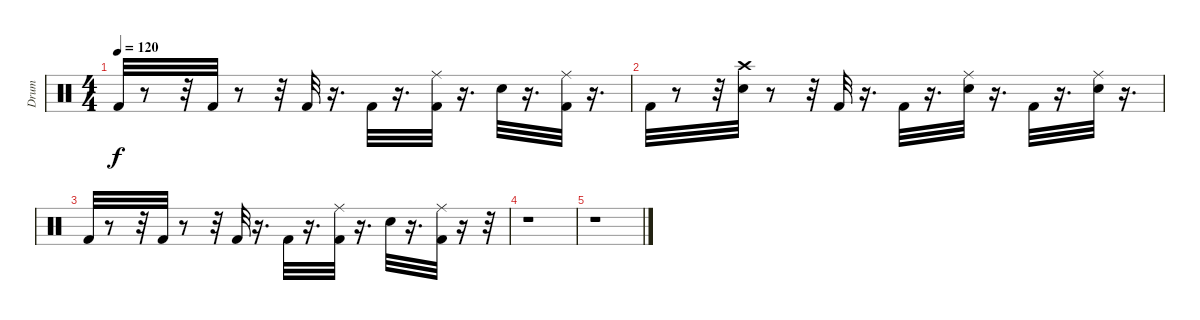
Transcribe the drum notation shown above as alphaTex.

\track ("Drum" "Drum") {instrument percussion}
\staff {score}
\articulation defaults
\ts (4 4)
\tempo 120
\clef neutral
\ks c "Kick (hit) 2".32{dy f}
r.8 r.32 "Kick (hit) 2".32 r.8 r.32 "Kick (hit) 2".32 r.16{d} "Kick (hit) 2".32 r.16{d} ("Kick (hit) 2" "Ride (middle)").32 r.16{d} "Snare (hit) 2".32 r.16{d} ("Kick (hit) 2" "Ride (middle)").32 r.16{d} |
"Kick (hit) 2".32 r.8 r.32 ("Crash high (hit)" "Snare (hit) 2").32 r.8 r.32 "Kick (hit) 2".32 r.16{d} "Kick (hit) 2".32 r.16{d} ("Snare (hit) 2" "Ride (middle)").32 r.16{d} "Kick (hit) 2".32 r.16{d} ("Snare (hit) 2" "Ride (middle)").32 r.16{d} |
"Kick (hit) 2".32 r.8 r.32 "Kick (hit) 2".32 r.8 r.32 "Kick (hit) 2".32 r.16{d} "Kick (hit) 2".32 r.16{d} ("Kick (hit) 2" "Ride (middle)").32 r.16{d} "Snare (hit) 2".32 r.16{d} ("Kick (hit) 2" "Ride (middle)").32 r.16 r.32 |
r.1 |
r.1

- - - - -

Brief: Reproduce the lines above exactly, please, but not the pictures in them.

Solution below:
Transcribe the drum notation shown above as alphaTex.

\track ("Drum" "Drum") {instrument percussion}
\staff {score}
\articulation defaults
\ts (4 4)
\tempo 120
\clef neutral
\ks c "Kick (hit) 2".32{dy f}
r.8 r.32 "Kick (hit) 2".32 r.8 r.32 "Kick (hit) 2".32 r.16{d} "Kick (hit) 2".32 r.16{d} ("Kick (hit) 2" "Ride (middle)").32 r.16{d} "Snare (hit) 2".32 r.16{d} ("Kick (hit) 2" "Ride (middle)").32 r.16{d} |
"Kick (hit) 2".32 r.8 r.32 ("Crash high (hit)" "Snare (hit) 2").32 r.8 r.32 "Kick (hit) 2".32 r.16{d} "Kick (hit) 2".32 r.16{d} ("Snare (hit) 2" "Ride (middle)").32 r.16{d} "Kick (hit) 2".32 r.16{d} ("Snare (hit) 2" "Ride (middle)").32 r.16{d} |
"Kick (hit) 2".32 r.8 r.32 "Kick (hit) 2".32 r.8 r.32 "Kick (hit) 2".32 r.16{d} "Kick (hit) 2".32 r.16{d} ("Kick (hit) 2" "Ride (middle)").32 r.16{d} "Snare (hit) 2".32 r.16{d} ("Kick (hit) 2" "Ride (middle)").32 r.16 r.32 |
r.1 |
r.1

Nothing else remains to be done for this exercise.